Sauf qu’une telle formulation n’ajoute pas grand-chose à la Charte de l’environnement de 2004, déjà inscrite dans le préambule de la Constitution et qui a donc la même valeur que cette Constitution. Dès lors, une révision constitutionnelle n’aurait pas eu beaucoup d’impact. En effet, la Charte de 2004 dans son article 6 prévoit l’engagement des politiques publiques pour promouvoir le développement durable. L’article prévoit à cette fin la conciliation par les pouvoirs publics de “la protection et la mise en valeur de l’environnement, le développement économique et le progrès social”. Dès lors, ajouter dans l’article 1er de la Constitution la protection de l’environnement selon les modalités de la Charte n’aboutira pas à plus d’engagement pour l’environnement.

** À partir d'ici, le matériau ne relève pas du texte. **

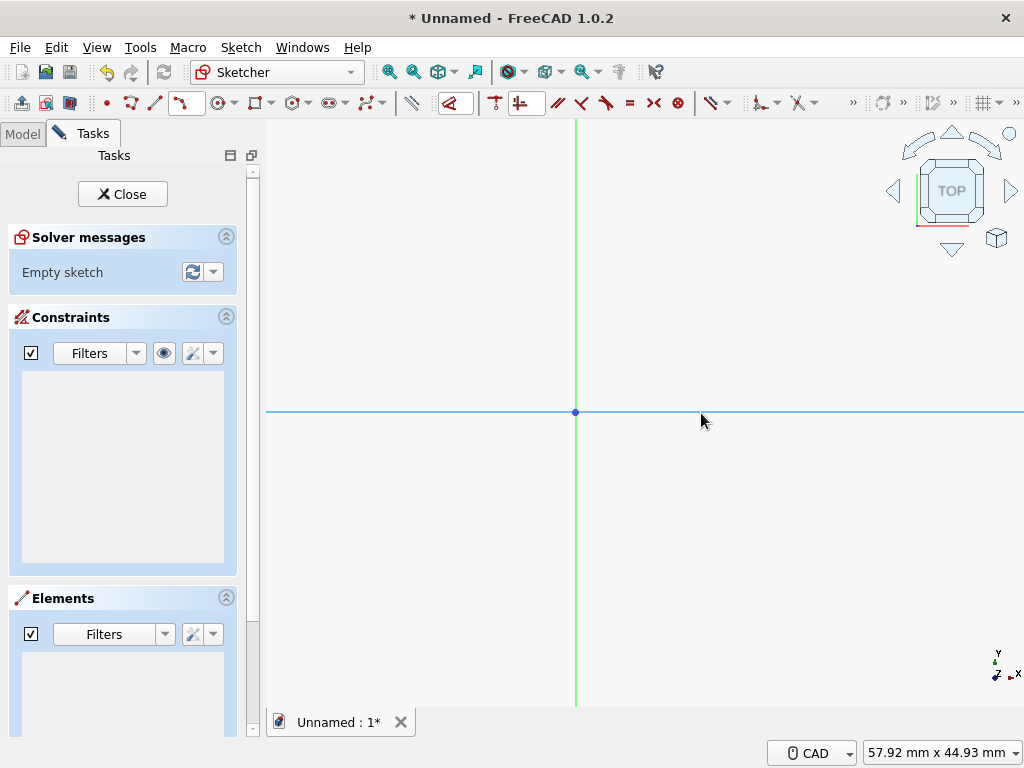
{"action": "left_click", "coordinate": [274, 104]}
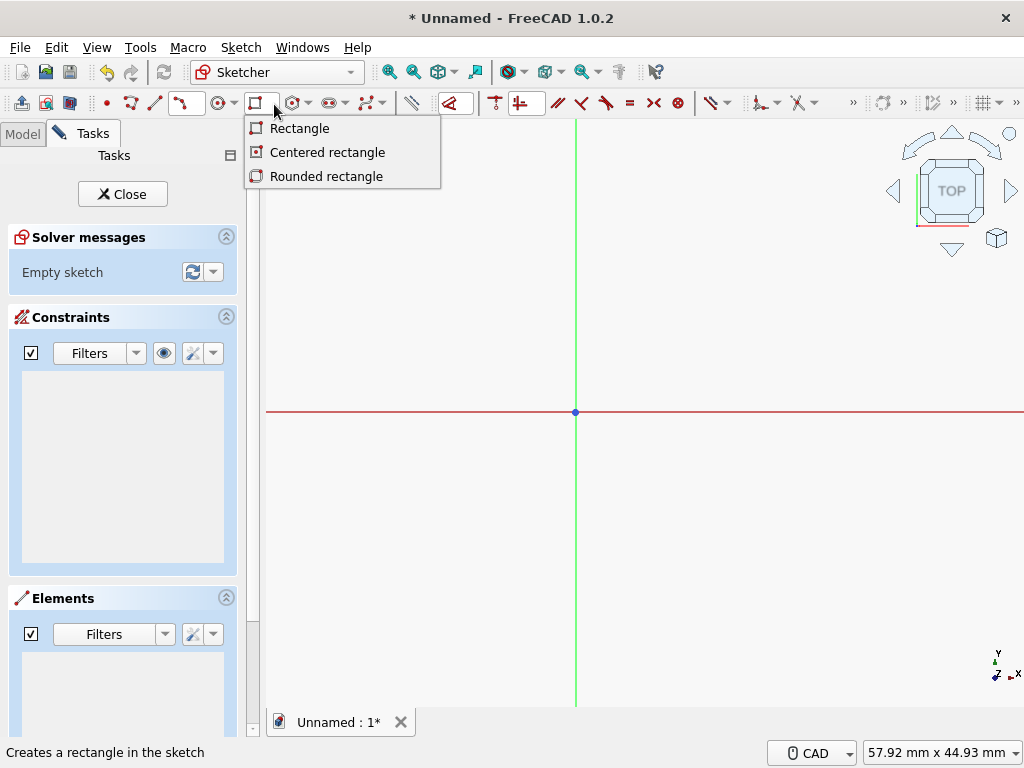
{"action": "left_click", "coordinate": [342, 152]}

L’article 89 de la Constitution est donc exigeant sur les modalités de révision constitutionnelle mais il sert par la même occasion de garde-fou : on ne révise pas à la légère. Cependant, dans le cas de la protection du climat, beaucoup ont dénoncé chez les sénateurs comme au Gouvernement des considérations politiques qui auraient pris de dessus sur l’enjeu environnemental.
Pas d’espoir de voir la protection de l’environnement inscrite dans l’article 1er de la Constitution ?

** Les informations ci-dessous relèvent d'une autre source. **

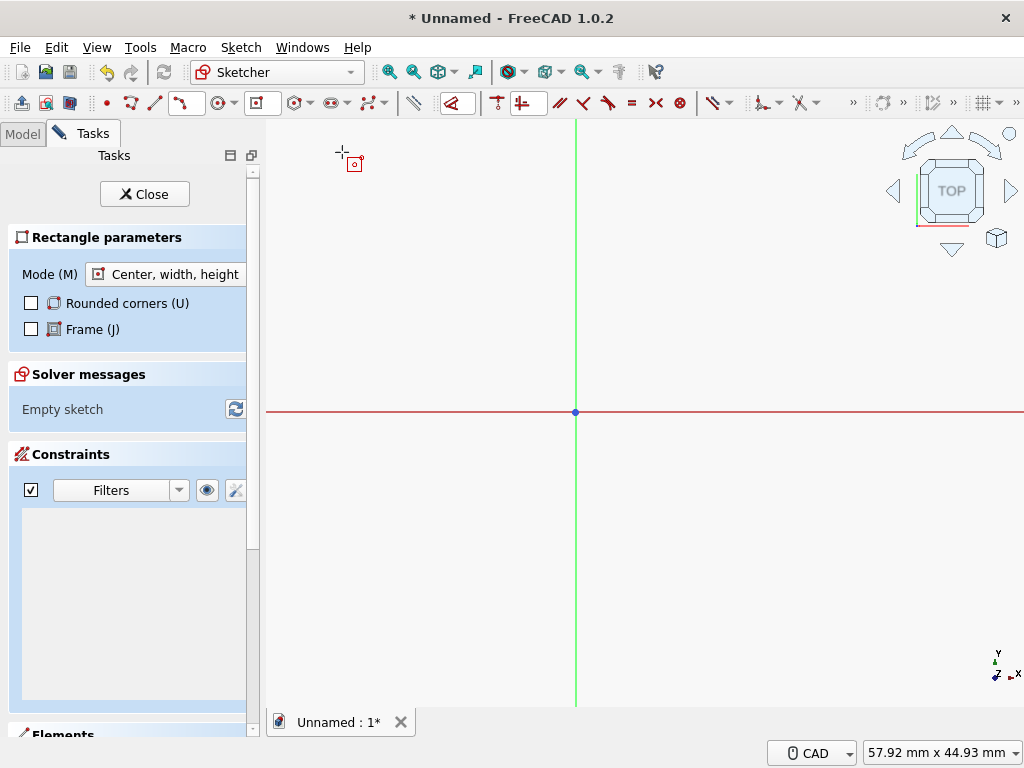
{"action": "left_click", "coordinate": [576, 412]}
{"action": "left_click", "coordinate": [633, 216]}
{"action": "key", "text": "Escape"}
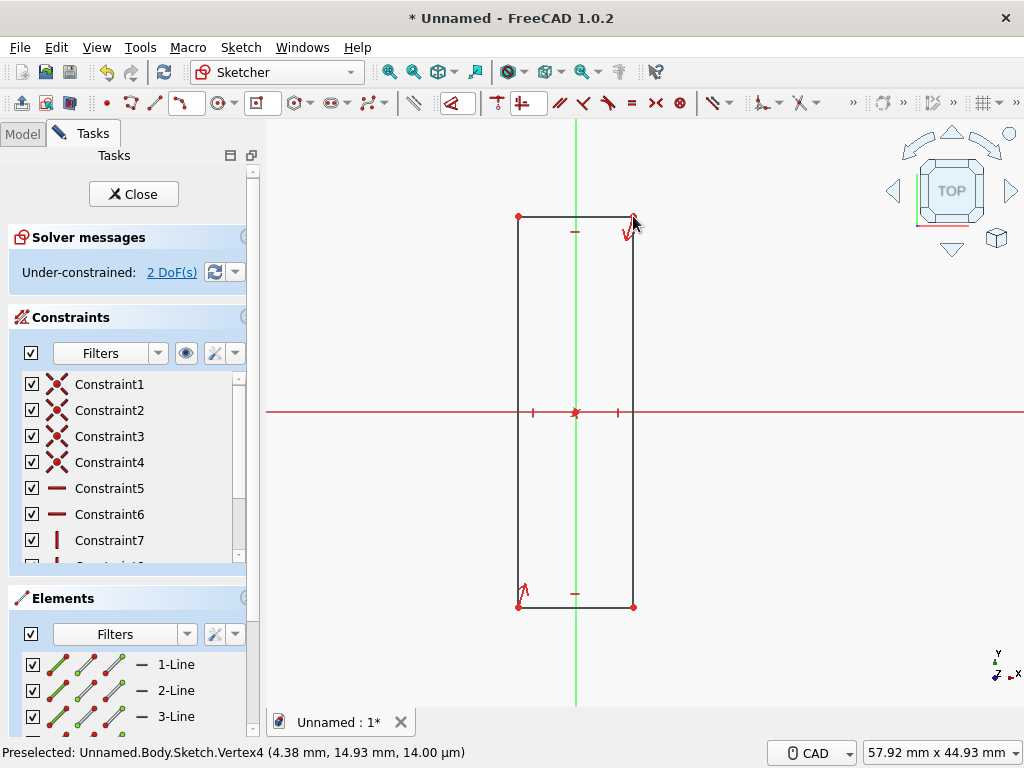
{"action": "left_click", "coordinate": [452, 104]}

Pour le moment, face aux désaccords entre députés et sénateurs et à l’incapacité à trouver un compromis, le Gouvernement a officiellement mis un terme au processus de révision constitutionnelle. Le projet de révision n’est donc plus d’actualité et les membres du Gouvernement comme les sénateurs ont commencé à rejeter la faute. Certaines personnalités du Gouvernement ont blâmé un Sénat « climato sceptique » comme M. Gabriel Attal ou dans des termes plus modéré la Ministre de la Transition écologique, Mme Barbara Pompili, a dénoncé “que manifestement les sénateurs sont contre la transition écologique”. Du côté du Sénat, on a parlé d’un coup de communication de la part du Gouvernement qui aurait “instrumentalisé” la question environnementale. Cela a notamment été pointé du point par Bruno Retailleau, chef de file des Républicains au Sénat.
Pour sa part, la ministre de la Transition écologique a déclaré qu’elle était déterminée à voir ce processus aboutir bien qu’il ne soit pas facile de le remettre dans l’agenda parlementaire. “Il y a beaucoup de réformes qu’on veut continuer de faire passer. Est-ce que l’on va réussir à réinscrire le texte ? Il faut voir s’il y a possibilité d’atterrir sur une rédaction” a-t-elle considéré. La procédure de révision constitutionnelle prévue par l’article 89 protège donc la Constitution de toute modification abusive mais n’aura pas joué en faveur de la cause environnementale.